Notre mémoire alimentaire est très courte.
Elle se limite souvent aux saveurs et aux produits découverts dans l'enfance. Si nous faisons un effort, nous remontons dans un "très lointain passé", c'est à dire seulement aux souvenirs d'enfance de nos grands-parents. C'est pourquoi la cuisine du 19e siècle ou du début du 20e siècle nous semble une cuisine qui a toujours existé, celle que nos ancêtres ont toujours mangé depuis "la nuit des temps".

Héritage d'Amérique : cacao en Colombie

Cacao en Colombie : Photo by Pablo Merchán Montes on Unsplash

La plupart d'entre nous sont alors très surpris d'apprendre que nos fameux produits du terroir sont parfois une invention récente à l'échelle historique. Peut-on imaginer la cuisine méditerranéenne sans tomates ni courgettes ? la cuisine savoyarde sans pommes de terre ? la cuisine indienne sans piment ? la cuisine africaine sans manioc ?

Voici une petite liste de produits qui ne seront parfois pas consommés avant le 19e siècle, parce qu'ils proviennent tous d'Amérique centrale ou d'Amérique latine.

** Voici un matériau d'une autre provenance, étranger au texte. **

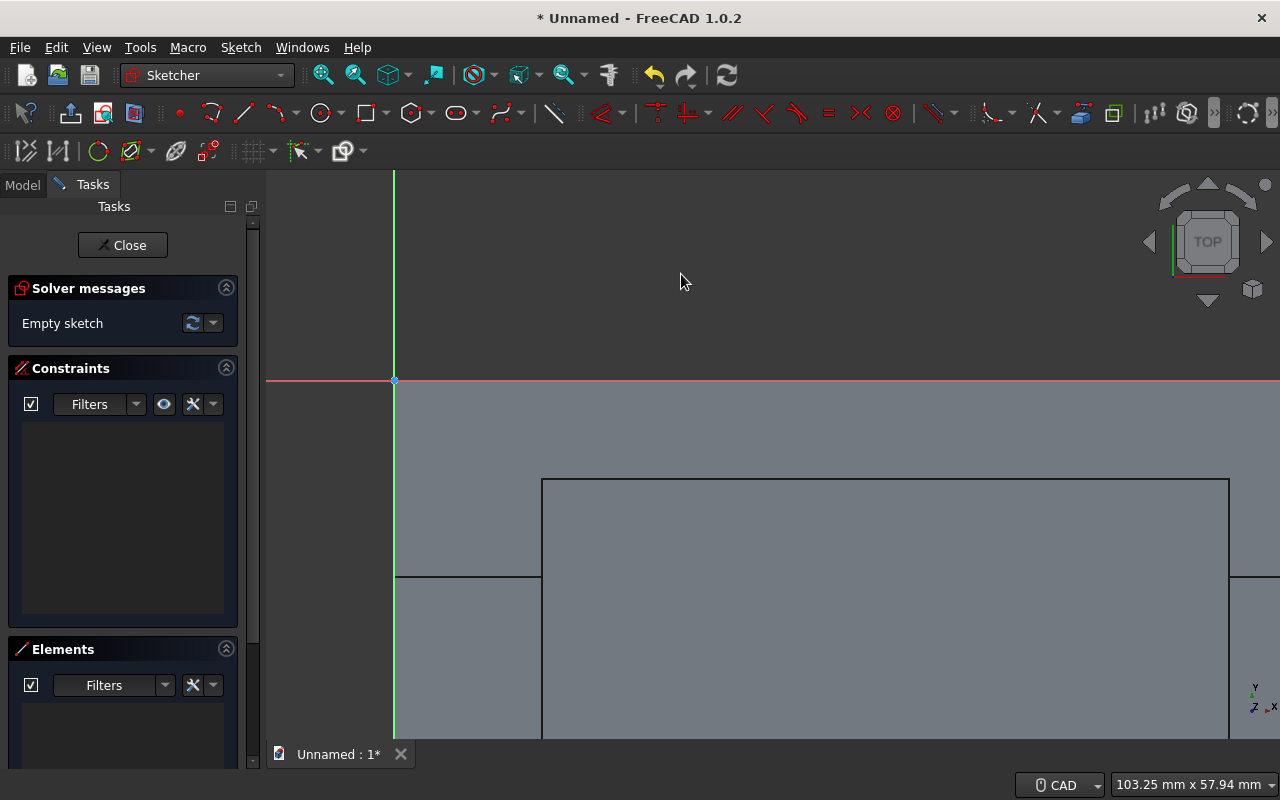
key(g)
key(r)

Produits originaires d'Amérique, inconnus en Europe, en Asie et en Afrique à l'époque médiévale

Parmi ces produits originaires d'Amérique, la pomme de terre et le maïs ont fait rêver les humanistes du 19e siècle : très nutritifs, n'étaient-ils pas la solution miracle pour supprimer enfin les famines qui ravageaient régulièrement l'Europe depuis le Moyen Age ?

Lire l'article : Pomme de terre et maïs : aliments anti-famine au 19e siècle ?


Ananas

Christophe Colomb découvre l'ananas lorsqu'il arrive en Guadeloupe en 1493. Ce fruit de la famille des broméliacées est originaire du Brésil (nana signifie parfumé en guarani), mais aussi du Nord de l'Argentine et du Paraguay.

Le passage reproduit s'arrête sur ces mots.